Task goal — Write out all the records exactly, and keep any images out.

================

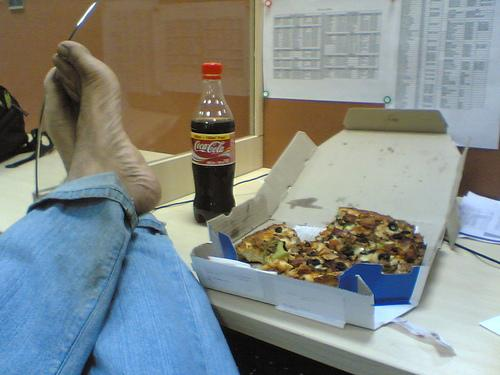What are the black things on the person's food?

Choices:
A) pepperonis
B) black olives
C) sausage
D) peppers black olives 
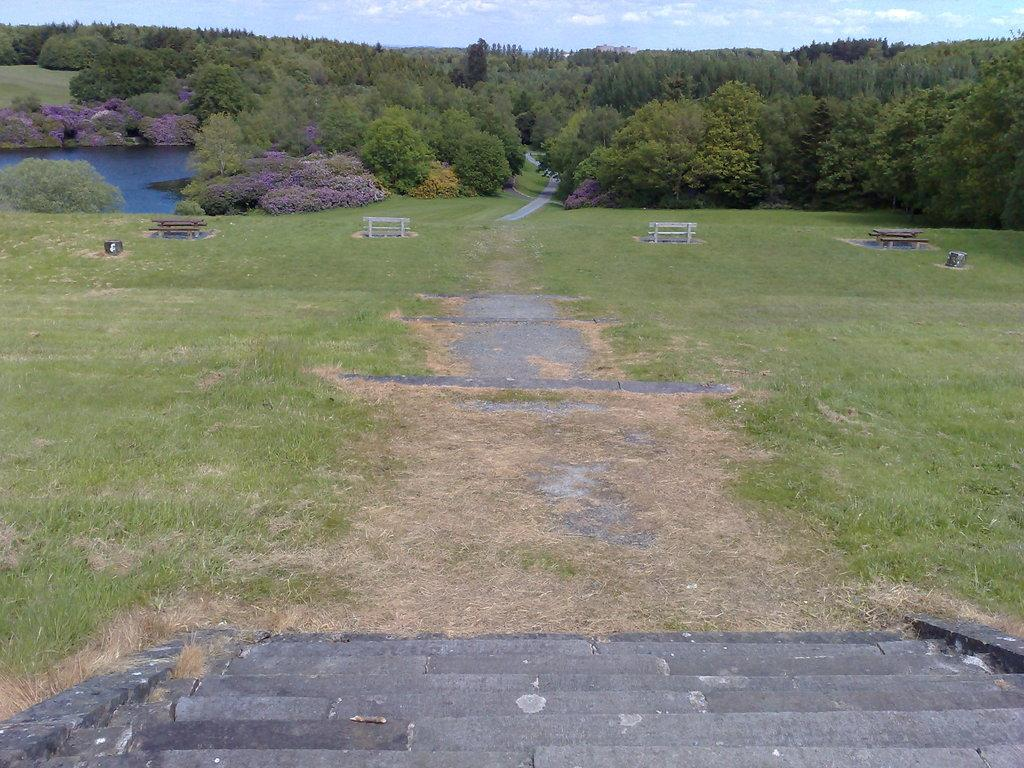What type of structure can be seen in the image? There are stairs in the image. What is the ground surface like in the image? The ground is covered with grass. What type of seating is available in the image? There are benches on the ground. What natural element is visible in the image? There is water visible in the image. What type of vegetation is present in the image? Trees and plants are visible in the image. What part of the natural environment is visible in the image? The sky is visible in the image. What atmospheric feature can be seen in the sky? Clouds are present in the sky. Can you tell me how many lawyers are attending to the plants in the image? There are no lawyers present in the image, and therefore no such activity can be observed.

================

Solution to this exercise —
What are the black things on the person's food?

Choices:
A) pepperonis
B) black olives
C) sausage
D) peppers black olives 
What type of structure can be seen in the image? There are stairs in the image. What is the ground surface like in the image? The ground is covered with grass. What type of seating is available in the image? There are benches on the ground. What natural element is visible in the image? There is water visible in the image. What type of vegetation is present in the image? Trees and plants are visible in the image. What part of the natural environment is visible in the image? The sky is visible in the image. What atmospheric feature can be seen in the sky? Clouds are present in the sky. Can you tell me how many lawyers are attending to the plants in the image? There are no lawyers present in the image, and therefore no such activity can be observed.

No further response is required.